*** Records for this task ***
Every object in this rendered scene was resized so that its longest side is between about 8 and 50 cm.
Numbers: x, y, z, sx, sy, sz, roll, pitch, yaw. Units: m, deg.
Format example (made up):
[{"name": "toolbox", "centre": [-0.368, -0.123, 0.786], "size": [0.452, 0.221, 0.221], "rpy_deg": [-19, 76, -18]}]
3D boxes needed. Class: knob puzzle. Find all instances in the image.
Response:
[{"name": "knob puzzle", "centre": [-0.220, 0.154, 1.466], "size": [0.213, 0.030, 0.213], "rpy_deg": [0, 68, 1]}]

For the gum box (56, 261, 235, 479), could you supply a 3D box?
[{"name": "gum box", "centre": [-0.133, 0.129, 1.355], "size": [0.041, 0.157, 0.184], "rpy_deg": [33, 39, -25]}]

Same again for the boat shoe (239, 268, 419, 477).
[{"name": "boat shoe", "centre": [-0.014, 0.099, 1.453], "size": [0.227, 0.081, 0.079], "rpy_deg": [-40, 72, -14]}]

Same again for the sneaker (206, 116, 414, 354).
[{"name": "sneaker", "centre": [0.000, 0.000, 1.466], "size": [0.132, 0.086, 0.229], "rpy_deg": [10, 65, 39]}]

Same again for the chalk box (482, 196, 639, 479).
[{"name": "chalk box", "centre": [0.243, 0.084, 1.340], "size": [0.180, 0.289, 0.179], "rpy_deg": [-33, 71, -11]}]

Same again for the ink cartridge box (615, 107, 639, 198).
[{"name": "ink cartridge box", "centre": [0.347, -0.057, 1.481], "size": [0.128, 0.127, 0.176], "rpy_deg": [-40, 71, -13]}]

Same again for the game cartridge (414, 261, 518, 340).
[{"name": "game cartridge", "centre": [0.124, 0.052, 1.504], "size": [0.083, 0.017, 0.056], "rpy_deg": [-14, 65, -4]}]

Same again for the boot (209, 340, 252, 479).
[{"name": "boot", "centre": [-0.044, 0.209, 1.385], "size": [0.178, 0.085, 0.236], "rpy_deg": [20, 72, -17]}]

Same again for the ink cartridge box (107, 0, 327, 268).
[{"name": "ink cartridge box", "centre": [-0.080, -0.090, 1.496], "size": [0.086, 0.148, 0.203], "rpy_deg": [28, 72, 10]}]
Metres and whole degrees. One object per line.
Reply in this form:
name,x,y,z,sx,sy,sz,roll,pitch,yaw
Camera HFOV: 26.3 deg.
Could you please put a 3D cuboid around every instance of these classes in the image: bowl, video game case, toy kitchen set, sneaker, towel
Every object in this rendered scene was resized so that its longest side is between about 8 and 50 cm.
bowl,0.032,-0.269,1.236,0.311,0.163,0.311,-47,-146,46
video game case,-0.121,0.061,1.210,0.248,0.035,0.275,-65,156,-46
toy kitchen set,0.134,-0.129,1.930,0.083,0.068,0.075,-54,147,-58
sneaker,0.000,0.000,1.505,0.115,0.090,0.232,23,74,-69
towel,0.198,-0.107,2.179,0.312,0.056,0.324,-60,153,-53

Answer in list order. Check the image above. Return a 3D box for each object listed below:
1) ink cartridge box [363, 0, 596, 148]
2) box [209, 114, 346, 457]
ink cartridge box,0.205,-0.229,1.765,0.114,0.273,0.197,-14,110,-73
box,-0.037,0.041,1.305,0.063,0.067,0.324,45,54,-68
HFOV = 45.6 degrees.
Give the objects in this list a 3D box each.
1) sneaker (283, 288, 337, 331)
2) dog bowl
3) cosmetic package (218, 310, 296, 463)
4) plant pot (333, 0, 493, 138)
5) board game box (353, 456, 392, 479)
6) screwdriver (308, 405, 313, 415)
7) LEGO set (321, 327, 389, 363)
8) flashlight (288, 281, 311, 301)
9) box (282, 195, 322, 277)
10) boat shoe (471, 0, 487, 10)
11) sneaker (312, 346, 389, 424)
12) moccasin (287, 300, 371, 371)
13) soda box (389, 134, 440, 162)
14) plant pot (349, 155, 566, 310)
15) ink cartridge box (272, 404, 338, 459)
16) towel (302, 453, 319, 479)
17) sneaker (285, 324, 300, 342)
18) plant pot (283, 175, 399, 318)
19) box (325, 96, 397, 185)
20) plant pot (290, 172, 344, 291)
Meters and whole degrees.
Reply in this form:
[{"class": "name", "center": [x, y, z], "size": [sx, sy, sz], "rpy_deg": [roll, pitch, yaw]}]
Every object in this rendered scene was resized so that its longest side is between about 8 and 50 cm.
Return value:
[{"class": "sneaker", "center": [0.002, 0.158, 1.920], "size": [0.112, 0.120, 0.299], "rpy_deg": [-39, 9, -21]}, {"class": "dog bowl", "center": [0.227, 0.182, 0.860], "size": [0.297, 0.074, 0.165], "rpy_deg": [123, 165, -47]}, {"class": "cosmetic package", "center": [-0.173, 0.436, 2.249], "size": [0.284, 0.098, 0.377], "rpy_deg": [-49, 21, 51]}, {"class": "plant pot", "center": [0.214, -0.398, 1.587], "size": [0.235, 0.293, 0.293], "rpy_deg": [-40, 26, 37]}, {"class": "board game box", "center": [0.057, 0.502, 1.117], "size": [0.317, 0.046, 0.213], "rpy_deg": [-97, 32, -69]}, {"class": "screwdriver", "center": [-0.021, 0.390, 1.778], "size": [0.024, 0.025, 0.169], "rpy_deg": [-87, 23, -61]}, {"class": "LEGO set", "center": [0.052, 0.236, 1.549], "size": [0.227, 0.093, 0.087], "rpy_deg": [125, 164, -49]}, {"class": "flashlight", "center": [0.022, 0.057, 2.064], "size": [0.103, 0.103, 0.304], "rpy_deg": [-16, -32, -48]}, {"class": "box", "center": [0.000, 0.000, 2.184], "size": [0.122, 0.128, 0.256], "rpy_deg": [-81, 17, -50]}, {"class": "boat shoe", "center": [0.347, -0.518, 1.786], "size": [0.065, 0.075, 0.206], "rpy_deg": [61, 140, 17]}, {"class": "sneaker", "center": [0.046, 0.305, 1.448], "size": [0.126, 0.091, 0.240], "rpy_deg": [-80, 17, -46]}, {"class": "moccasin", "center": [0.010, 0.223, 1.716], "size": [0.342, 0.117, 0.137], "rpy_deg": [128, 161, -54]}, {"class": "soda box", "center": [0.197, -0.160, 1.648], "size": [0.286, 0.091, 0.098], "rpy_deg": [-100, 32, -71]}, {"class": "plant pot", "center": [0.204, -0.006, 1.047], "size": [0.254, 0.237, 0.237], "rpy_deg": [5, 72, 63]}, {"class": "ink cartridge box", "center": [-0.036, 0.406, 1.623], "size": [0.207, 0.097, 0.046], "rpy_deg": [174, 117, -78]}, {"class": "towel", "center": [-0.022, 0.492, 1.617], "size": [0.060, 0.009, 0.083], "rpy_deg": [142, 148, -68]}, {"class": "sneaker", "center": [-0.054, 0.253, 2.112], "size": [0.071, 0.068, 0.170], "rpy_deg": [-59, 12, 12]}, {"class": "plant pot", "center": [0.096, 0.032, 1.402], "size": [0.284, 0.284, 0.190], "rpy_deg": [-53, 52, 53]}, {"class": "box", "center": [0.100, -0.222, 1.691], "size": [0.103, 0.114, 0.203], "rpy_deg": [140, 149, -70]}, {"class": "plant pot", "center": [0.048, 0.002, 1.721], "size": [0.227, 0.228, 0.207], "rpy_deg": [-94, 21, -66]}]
*** End of Records for this task ***
## What the exercise asks
Reproduce every line of the data verbatim.

## Answer
Every object in this rendered scene was resized so that its longest side is between about 8 and 50 cm.
Numbers: x, y, z, sx, sy, sz, roll, pitch, yaw. Units: m, deg.
Format example (made up):
[{"name": "toolbox", "centre": [-0.368, -0.123, 0.786], "size": [0.452, 0.221, 0.221], "rpy_deg": [-19, 76, -18]}]
3D boxes needed. Class: knob puzzle. Find all instances in the image.
Response:
[{"name": "knob puzzle", "centre": [-0.220, 0.154, 1.466], "size": [0.213, 0.030, 0.213], "rpy_deg": [0, 68, 1]}]

For the gum box (56, 261, 235, 479), could you supply a 3D box?
[{"name": "gum box", "centre": [-0.133, 0.129, 1.355], "size": [0.041, 0.157, 0.184], "rpy_deg": [33, 39, -25]}]

Same again for the boat shoe (239, 268, 419, 477).
[{"name": "boat shoe", "centre": [-0.014, 0.099, 1.453], "size": [0.227, 0.081, 0.079], "rpy_deg": [-40, 72, -14]}]

Same again for the sneaker (206, 116, 414, 354).
[{"name": "sneaker", "centre": [0.000, 0.000, 1.466], "size": [0.132, 0.086, 0.229], "rpy_deg": [10, 65, 39]}]

Same again for the chalk box (482, 196, 639, 479).
[{"name": "chalk box", "centre": [0.243, 0.084, 1.340], "size": [0.180, 0.289, 0.179], "rpy_deg": [-33, 71, -11]}]

Same again for the ink cartridge box (615, 107, 639, 198).
[{"name": "ink cartridge box", "centre": [0.347, -0.057, 1.481], "size": [0.128, 0.127, 0.176], "rpy_deg": [-40, 71, -13]}]

Same again for the game cartridge (414, 261, 518, 340).
[{"name": "game cartridge", "centre": [0.124, 0.052, 1.504], "size": [0.083, 0.017, 0.056], "rpy_deg": [-14, 65, -4]}]

Same again for the boot (209, 340, 252, 479).
[{"name": "boot", "centre": [-0.044, 0.209, 1.385], "size": [0.178, 0.085, 0.236], "rpy_deg": [20, 72, -17]}]

Same again for the ink cartridge box (107, 0, 327, 268).
[{"name": "ink cartridge box", "centre": [-0.080, -0.090, 1.496], "size": [0.086, 0.148, 0.203], "rpy_deg": [28, 72, 10]}]
Metres and whole degrees. One object per line.
Reply in this form:
name,x,y,z,sx,sy,sz,roll,pitch,yaw
Camera HFOV: 26.3 deg.
Could you please put a 3D cuboid around every instance of these classes in the image: bowl, video game case, toy kitchen set, sneaker, towel
Every object in this rendered scene was resized so that its longest side is between about 8 and 50 cm.
bowl,0.032,-0.269,1.236,0.311,0.163,0.311,-47,-146,46
video game case,-0.121,0.061,1.210,0.248,0.035,0.275,-65,156,-46
toy kitchen set,0.134,-0.129,1.930,0.083,0.068,0.075,-54,147,-58
sneaker,0.000,0.000,1.505,0.115,0.090,0.232,23,74,-69
towel,0.198,-0.107,2.179,0.312,0.056,0.324,-60,153,-53

Answer in list order. Check the image above. Return a 3D box for each object listed below:
1) ink cartridge box [363, 0, 596, 148]
2) box [209, 114, 346, 457]
ink cartridge box,0.205,-0.229,1.765,0.114,0.273,0.197,-14,110,-73
box,-0.037,0.041,1.305,0.063,0.067,0.324,45,54,-68
HFOV = 45.6 degrees.
Give the objects in this list a 3D box each.
1) sneaker (283, 288, 337, 331)
2) dog bowl
3) cosmetic package (218, 310, 296, 463)
4) plant pot (333, 0, 493, 138)
5) board game box (353, 456, 392, 479)
6) screwdriver (308, 405, 313, 415)
7) LEGO set (321, 327, 389, 363)
8) flashlight (288, 281, 311, 301)
9) box (282, 195, 322, 277)
10) boat shoe (471, 0, 487, 10)
11) sneaker (312, 346, 389, 424)
12) moccasin (287, 300, 371, 371)
13) soda box (389, 134, 440, 162)
14) plant pot (349, 155, 566, 310)
15) ink cartridge box (272, 404, 338, 459)
16) towel (302, 453, 319, 479)
17) sneaker (285, 324, 300, 342)
18) plant pot (283, 175, 399, 318)
19) box (325, 96, 397, 185)
20) plant pot (290, 172, 344, 291)
Meters and whole degrees.
Reply in this form:
[{"class": "name", "center": [x, y, z], "size": [sx, sy, sz], "rpy_deg": [roll, pitch, yaw]}]
Every object in this rendered scene was resized so that its longest side is between about 8 and 50 cm.
Return value:
[{"class": "sneaker", "center": [0.002, 0.158, 1.920], "size": [0.112, 0.120, 0.299], "rpy_deg": [-39, 9, -21]}, {"class": "dog bowl", "center": [0.227, 0.182, 0.860], "size": [0.297, 0.074, 0.165], "rpy_deg": [123, 165, -47]}, {"class": "cosmetic package", "center": [-0.173, 0.436, 2.249], "size": [0.284, 0.098, 0.377], "rpy_deg": [-49, 21, 51]}, {"class": "plant pot", "center": [0.214, -0.398, 1.587], "size": [0.235, 0.293, 0.293], "rpy_deg": [-40, 26, 37]}, {"class": "board game box", "center": [0.057, 0.502, 1.117], "size": [0.317, 0.046, 0.213], "rpy_deg": [-97, 32, -69]}, {"class": "screwdriver", "center": [-0.021, 0.390, 1.778], "size": [0.024, 0.025, 0.169], "rpy_deg": [-87, 23, -61]}, {"class": "LEGO set", "center": [0.052, 0.236, 1.549], "size": [0.227, 0.093, 0.087], "rpy_deg": [125, 164, -49]}, {"class": "flashlight", "center": [0.022, 0.057, 2.064], "size": [0.103, 0.103, 0.304], "rpy_deg": [-16, -32, -48]}, {"class": "box", "center": [0.000, 0.000, 2.184], "size": [0.122, 0.128, 0.256], "rpy_deg": [-81, 17, -50]}, {"class": "boat shoe", "center": [0.347, -0.518, 1.786], "size": [0.065, 0.075, 0.206], "rpy_deg": [61, 140, 17]}, {"class": "sneaker", "center": [0.046, 0.305, 1.448], "size": [0.126, 0.091, 0.240], "rpy_deg": [-80, 17, -46]}, {"class": "moccasin", "center": [0.010, 0.223, 1.716], "size": [0.342, 0.117, 0.137], "rpy_deg": [128, 161, -54]}, {"class": "soda box", "center": [0.197, -0.160, 1.648], "size": [0.286, 0.091, 0.098], "rpy_deg": [-100, 32, -71]}, {"class": "plant pot", "center": [0.204, -0.006, 1.047], "size": [0.254, 0.237, 0.237], "rpy_deg": [5, 72, 63]}, {"class": "ink cartridge box", "center": [-0.036, 0.406, 1.623], "size": [0.207, 0.097, 0.046], "rpy_deg": [174, 117, -78]}, {"class": "towel", "center": [-0.022, 0.492, 1.617], "size": [0.060, 0.009, 0.083], "rpy_deg": [142, 148, -68]}, {"class": "sneaker", "center": [-0.054, 0.253, 2.112], "size": [0.071, 0.068, 0.170], "rpy_deg": [-59, 12, 12]}, {"class": "plant pot", "center": [0.096, 0.032, 1.402], "size": [0.284, 0.284, 0.190], "rpy_deg": [-53, 52, 53]}, {"class": "box", "center": [0.100, -0.222, 1.691], "size": [0.103, 0.114, 0.203], "rpy_deg": [140, 149, -70]}, {"class": "plant pot", "center": [0.048, 0.002, 1.721], "size": [0.227, 0.228, 0.207], "rpy_deg": [-94, 21, -66]}]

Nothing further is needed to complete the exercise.